18. Makan Malam yang Canggung



Untuk pertama kali, So Hyeon merasa makan malam terasa canggung. Ayah dan ibunya beberapa kali saling melirik. Hanya gadis di depannya yang terlihat santai seolah tidak peduli apa yang dirasakan oleh orang yang duduk bersamanya.

"Apa kalian tidak akan makan?" Lyra meletakkan sendok dan garpu di atas piring, lalu menatap So Hyeon, Se Hwan, dan Ati. "Apa kedatanganku membuat makanan di rumah ini menjadi tidak enak?"

"Tidak, Sayang." Ati mengelus punggung Lyra. "Kami sangat senang kamu datang. Kami cuma tidak percaya kalau kamu bisa berkumpul dengan kami. Kami sangat merindukanmu."

Lyra tertawa sinis. "Apa ayah tiriku benar-benar menginginkan kedatanganku?"

Se Hwan terbatuk. Ia langsung menatap gadis yang baru saja bicara. "Walaupun kalian bukan anak kandungku, aku tetap menyayangi kalian."

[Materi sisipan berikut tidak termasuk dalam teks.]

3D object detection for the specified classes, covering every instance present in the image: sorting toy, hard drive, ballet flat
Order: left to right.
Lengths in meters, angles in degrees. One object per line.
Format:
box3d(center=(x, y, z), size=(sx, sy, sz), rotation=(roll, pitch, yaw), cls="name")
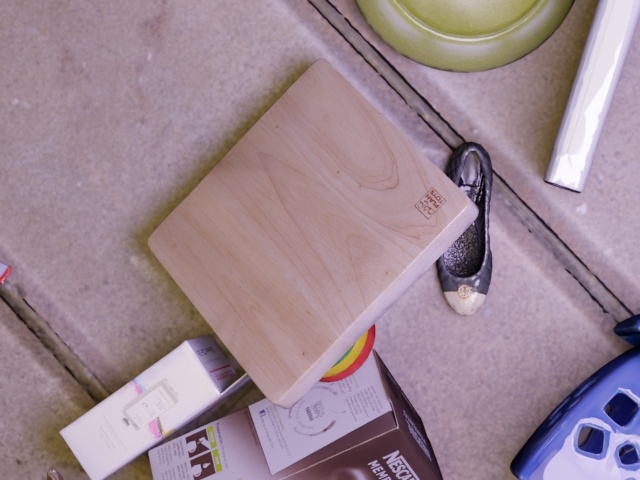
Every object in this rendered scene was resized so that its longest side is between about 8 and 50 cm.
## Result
box3d(center=(0.000, 0.000, 1.480), size=(0.255, 0.089, 0.257), rotation=(-46, 51, 5), cls="sorting toy")
box3d(center=(0.141, -0.011, 1.527), size=(0.057, 0.049, 0.173), rotation=(1, 91, 9), cls="ballet flat")
box3d(center=(0.270, -0.196, 1.426), size=(0.040, 0.203, 0.308), rotation=(17, 94, 8), cls="hard drive")

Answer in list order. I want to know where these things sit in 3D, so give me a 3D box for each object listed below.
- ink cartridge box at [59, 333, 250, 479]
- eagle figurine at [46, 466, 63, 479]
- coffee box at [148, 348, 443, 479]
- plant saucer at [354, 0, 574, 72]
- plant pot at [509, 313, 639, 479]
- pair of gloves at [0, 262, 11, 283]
box3d(center=(-0.150, 0.155, 1.542), size=(0.198, 0.115, 0.067), rotation=(-35, 86, 7), cls="ink cartridge box")
box3d(center=(-0.370, 0.347, 1.550), size=(0.298, 0.225, 0.226), rotation=(-16, 99, -2), cls="eagle figurine")
box3d(center=(-0.022, 0.224, 1.501), size=(0.246, 0.141, 0.098), rotation=(-26, 48, 9), cls="coffee box")
box3d(center=(0.143, -0.285, 1.505), size=(0.241, 0.037, 0.241), rotation=(0, 95, -2), cls="plant saucer")
box3d(center=(0.327, 0.194, 1.420), size=(0.236, 0.236, 0.212), rotation=(33, 89, 7), cls="plant pot")
box3d(center=(-0.429, 0.051, 1.629), size=(0.159, 0.023, 0.198), rotation=(36, 95, 6), cls="pair of gloves")

"Tapi, aku dan So Hyeon berbeda. Dia putri kesayangan, sementara aku putri yang dibuang."

"Lyra-ya," sela Ati.

"Aku minta tolong, Bu. Kalau Ibu memang menyayangiku, jangan pernah memanggilku dengan cara bicara seperti itu. Aku sangat membencinya. Itu mengingatkan kalau aku ditinggalkan bersama ayah seorang pemabuk dan miskin. Seorang ayah yang hanya tahu menghabiskan uangnya untuk wanita asusila. Sementara ibuku pergi ke Korea, menikah, dan hidup bahagia. Aku sakit kalau mengingatnya."

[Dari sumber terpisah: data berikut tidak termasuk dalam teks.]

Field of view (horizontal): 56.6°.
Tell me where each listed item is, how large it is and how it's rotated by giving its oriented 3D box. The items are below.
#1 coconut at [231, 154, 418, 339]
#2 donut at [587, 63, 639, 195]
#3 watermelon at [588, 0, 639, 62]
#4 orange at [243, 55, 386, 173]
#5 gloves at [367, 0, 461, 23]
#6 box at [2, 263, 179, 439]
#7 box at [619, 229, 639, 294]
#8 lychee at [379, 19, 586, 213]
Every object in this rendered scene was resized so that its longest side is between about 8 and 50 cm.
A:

So Hyeon tidak bisa tinggal diam. Ia berdiri dan menatap tajam pada Lyra. "Eonni, kalau datang hanya untuk menyakiti Eomma, sebaiknya eonni pergi dari sini."

"Jangan bicara dengan cara seperti itu!" bentak Lyra. "Apa kamu tidak dengar? Aku tidak menyukainya."

So Hyeon menarik napas. "Aku tahu apa yang Eon ... Kak Lyra rasakan. Aku tahu semuanya. Tapi, itu semua bukan keingan Ibu."

"Apa benar seperti itu? Kok, aku tidak yakin, ya?"

"Jangan menuntut hal yang berlebihan pada Ibu. Jasa Ibu sewaktu melahirkanmu saja tidak akan pernah bisa kamu balas!"

"Sudah?" Se Hwan berdiri. "Sekarang, aku yang bicara. So Hyeon-ah, duduk."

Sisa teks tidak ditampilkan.